12. The system of claim 11, the memory further including instructions, which, when executed, cause the processor to:

evaluate, at the processor, lexical similarity of the gesture data with respect to the one or more recorded gesture representations based on similarity of each respective lexical feature of the gesture data with respect to each respective lexical feature of the one or more recorded gesture representations; and

display, at the display device, feedback information indicative of a lexical similarity evaluation result of the gesture data with respect to the one or more recorded gesture representations.

13. The system of claim 11, the memory further including instructions, which, when executed, cause the processor to:

identify a nearest grouping of recorded gesture representations of the one or more recorded representations that is most similar to the gesture data based on similarity of each respective lexical feature of the set of lexical features of the gesture data with respect to each respective lexical feature of the set of lexical features of the one or more recorded gesture representations.

14. The system of claim 11, the memory further including instructions, which, when executed, cause the processor to:

identify a lexical feature of the gesture data that is incongruent with one or more lexical aspects of a nearest grouping of recorded gesture representations.

15. The system of claim 11, the memory further including instructions, which, when executed, cause the processor to:

receiving, at the processor, information indicative of a written-language word associated with the gesture represented within the gesture data;

retrieving, at the processor, a set of lexical features of a recorded gesture representation for comparison with the gesture data associated with on the written-language word;

comparing, at the processor, each respective lexical feature of the gesture data with respect to each respective lexical feature of the set of lexical features of the recorded gesture representation; and

generating the feedback information indicative of similarity of the set of lexical features of the gesture data with respect to the set of lexical features of the recorded gesture representation.

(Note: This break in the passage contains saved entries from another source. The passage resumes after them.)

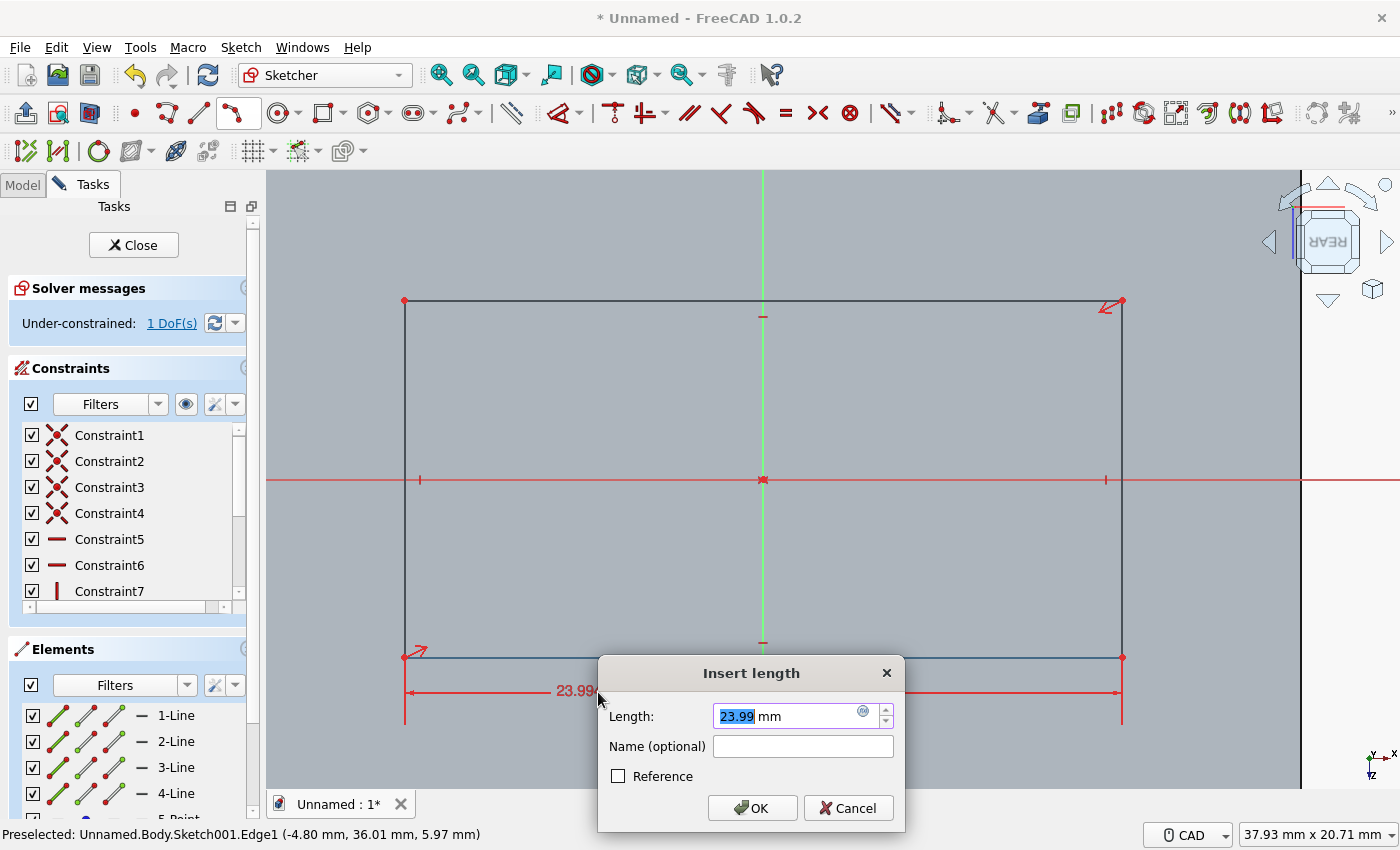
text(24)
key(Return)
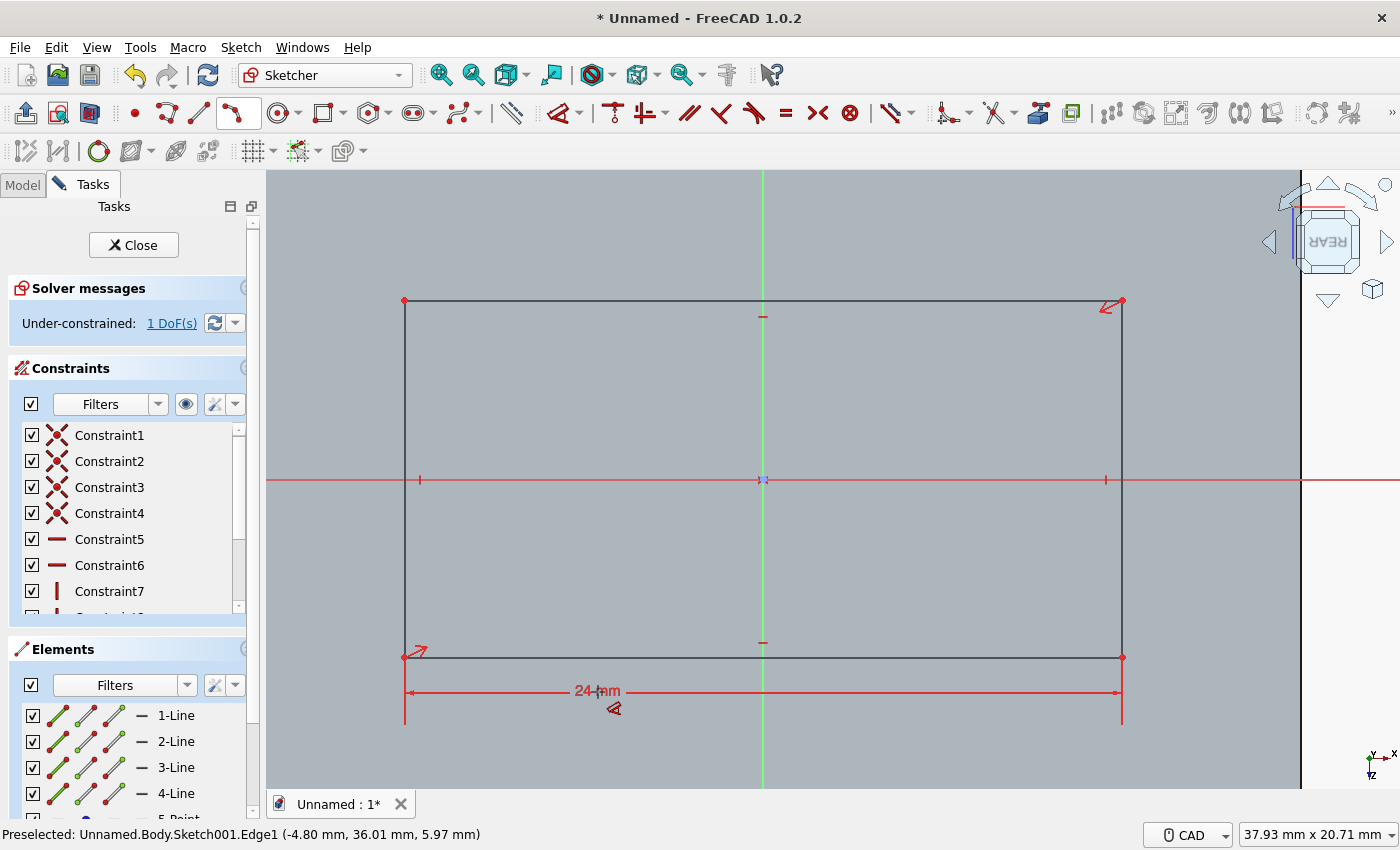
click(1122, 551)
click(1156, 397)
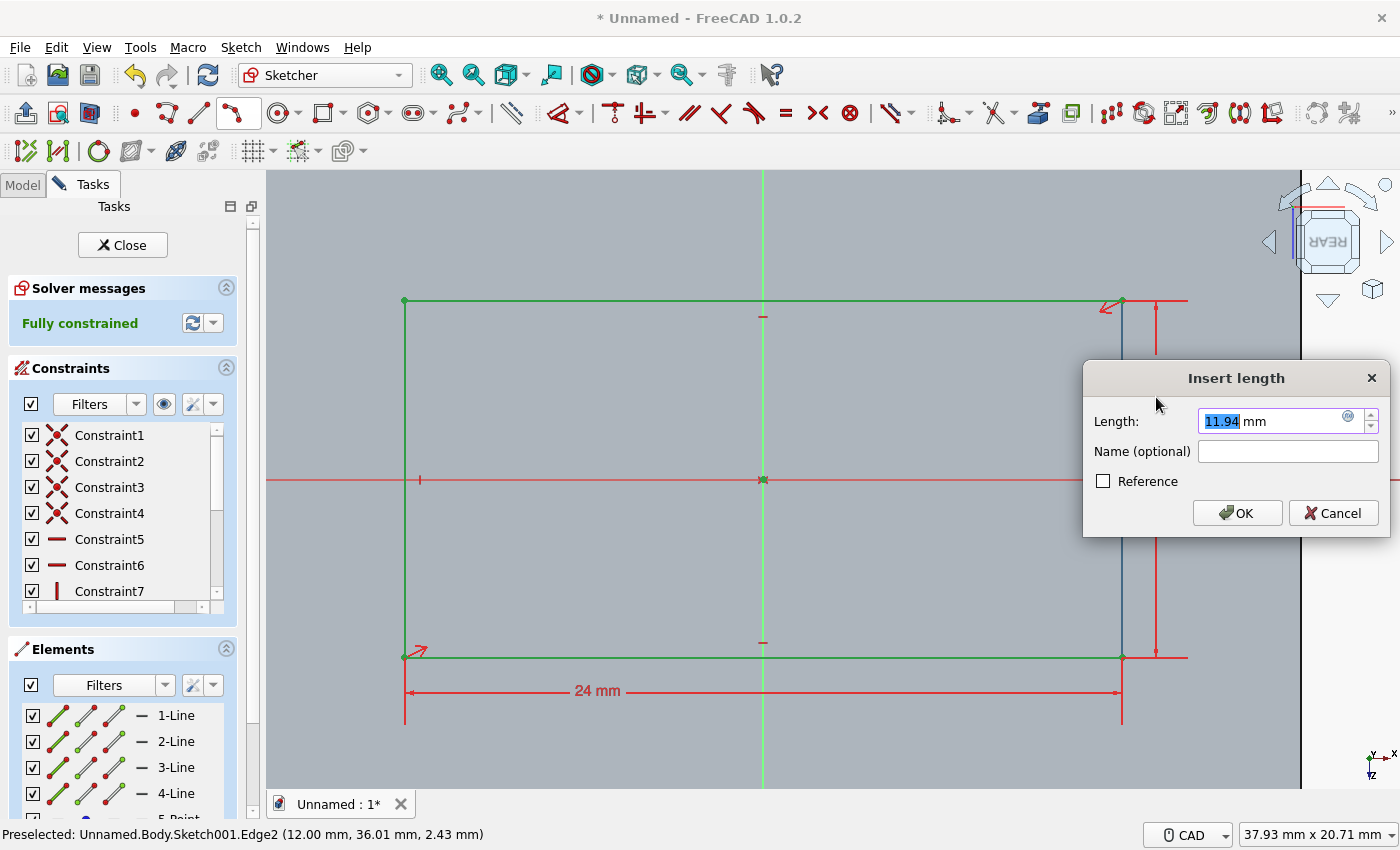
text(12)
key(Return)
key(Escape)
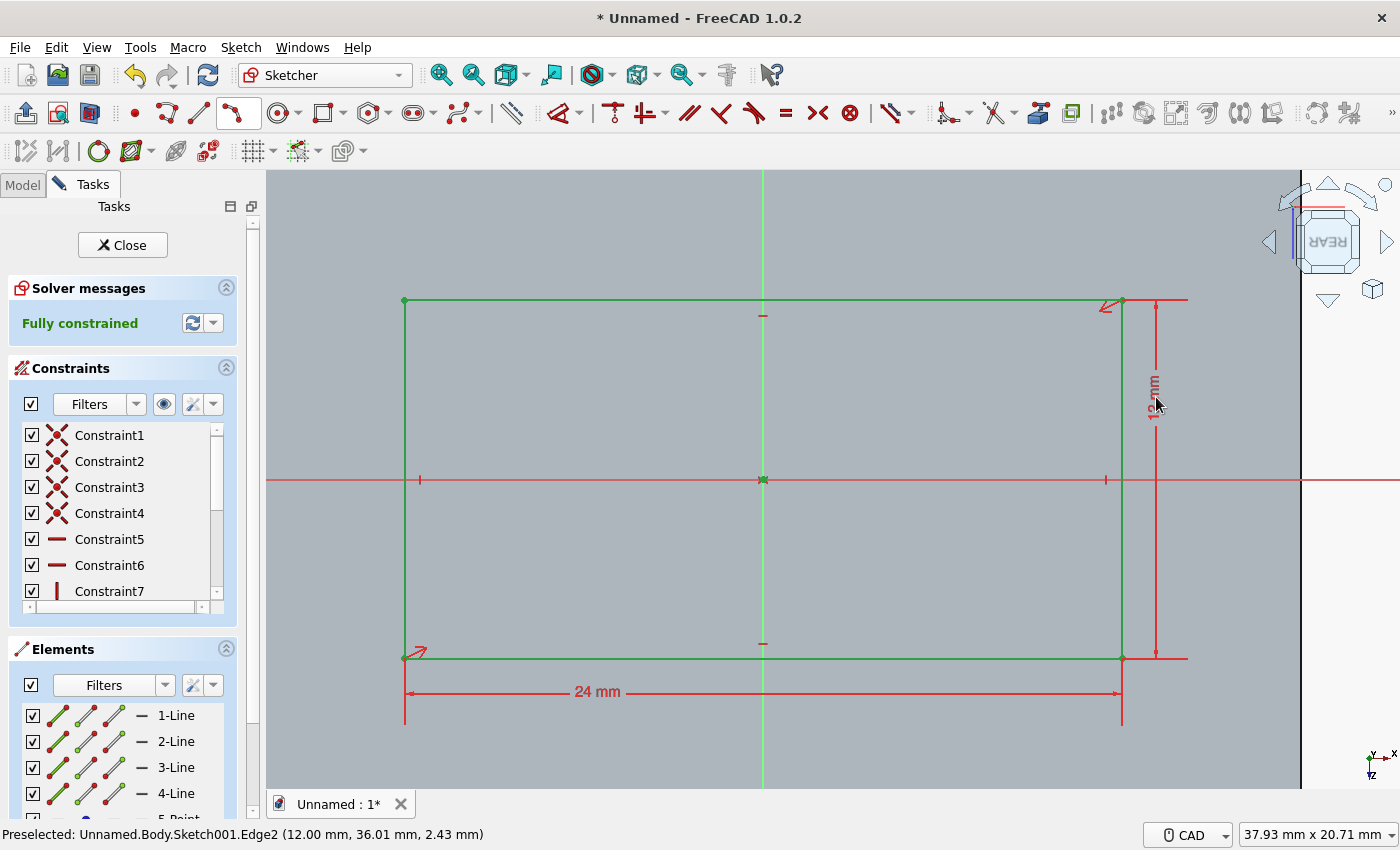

16. The system of claim 11, wherein the one or more recorded gesture representations are each represented as gesture nodes within a gesture network graph accessible by the processor, wherein associations of each respective gesture node in the gesture network graph are represented by a handshape adjacency matrix, a location adjacency matrix, and a movement adjacency matrix, and wherein the gesture network graph includes one or more groupings of gesture nodes, where each respective grouping of gesture nodes of the one or more groupings of gesture nodes includes one or more gesture nodes associated with a common theme and having one or more common lexical features across the one or more gesture nodes.

17. The system of claim 16, where the handshape adjacency matrix denotes similarity or non-similarity of a handshape associated with each respective gesture node in the gesture network graph with respect to one another.

18. The system of claim 16, where the location adjacency matrix denotes similarity or non-similarity of a location associated with each respective gesture node in the gesture network graph with respect to one another.

19. The system of claim 16, where the movement adjacency matrix denotes similarity or non-similarity of a movement associated with each respective gesture node in the gesture network graph with respect to one another.

20. The system of claim 11, wherein each recorded gesture representation is indicative of proper execution of a gesture of the gesture-based language, wherein each gesture of the gesture-based language is analogous to a written-language word or a written-language phrase.